Centro Mujeres is committed to fighting the systemic and often gendered denial of human rights in Baja California Sur and throughout Mexico. Our advocacy efforts aim to ensure health and human rights are at the top of local, regional and global policy agendas and raise awareness about social injustices and need for gender equity.
For the first time since 1996, the Inter-American Commission on Human Rights visited Mexico in September to assess the human rights situation. In its preliminary observations the Commission highlighted, among others, the issues of torture, enforced disappearances, violence against women and extrajudicial executions, and expressed concern about the impunity for such crimes. The UN High Commissioner for Human Rights visited the country for a similar purpose and stated that “there is broad consensus nationally, regionally and internationally on the gravity of the human rights situation in Mexico today. ~Amnesty International Report 2015/2016
Social change for gender equity and social and environmental justice cannot solely rely on individual and community action. In Baja California Sur there is a need for policies benefiting sectors of society that are being marginalized at diverse levels, such as women, girls, young people and migrants. CM sensitizes and educates local, state, and national policy makers about the need for specific changes in programs and policies that will allow women, youth and seasonal migrant workers to fully exercise their human rights. CM makes health and social policy recommendations to our state and municipal governments.

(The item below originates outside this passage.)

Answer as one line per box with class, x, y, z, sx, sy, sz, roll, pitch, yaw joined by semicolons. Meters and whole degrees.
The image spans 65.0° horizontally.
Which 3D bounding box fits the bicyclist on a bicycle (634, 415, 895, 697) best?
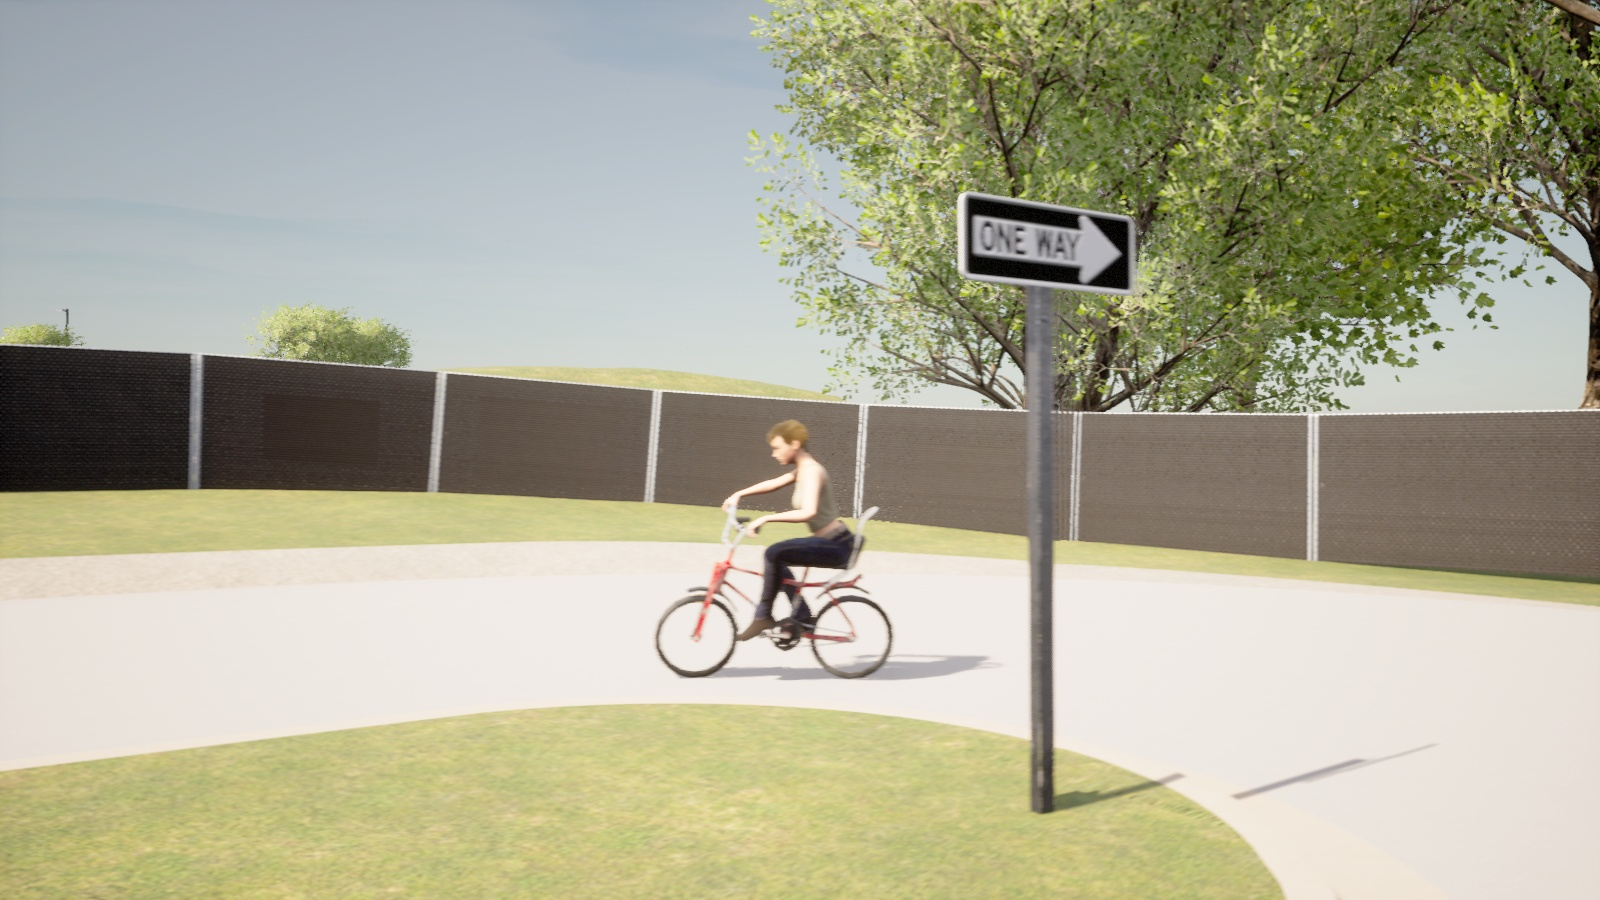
bicyclist on a bicycle;-0.227;0.616;7.764;1.509;1.612;0.866;0;5;-2

ProACI’s current focus is on the respect and exercise of civil liberties by women and youth in the state, and around the issue of gender based violence.
Our advocacy and policy efforts are three-fold:
We conduct applied research on the health and human rights of women, adolescents and seasonal migrant workers in Baja California Sur to highlight unmet needs and potential policy solutions.
Centro Mujeres has helped create and participates in many local, regional, national and global human rights and gender networks to ensure the voices of our community are reflected in policies and human rights assessments.
Local Community Action
Centro Mujeres continuously works with local policymakers to train and sensitize government workers to human rights abuses in the state.
Why gender and human rights?
Conservative estimates suggest 42% of people in Mexico live in poverty and 14% live in extreme poverty.
Within these circumstances, poverty effects women and children more because of discrimination, limited access to health care and gender-based violence. Women and children in Mexico have been repeatedly denied equal protection and access to state programs.
We believe that gender equity is both the means and an end to development.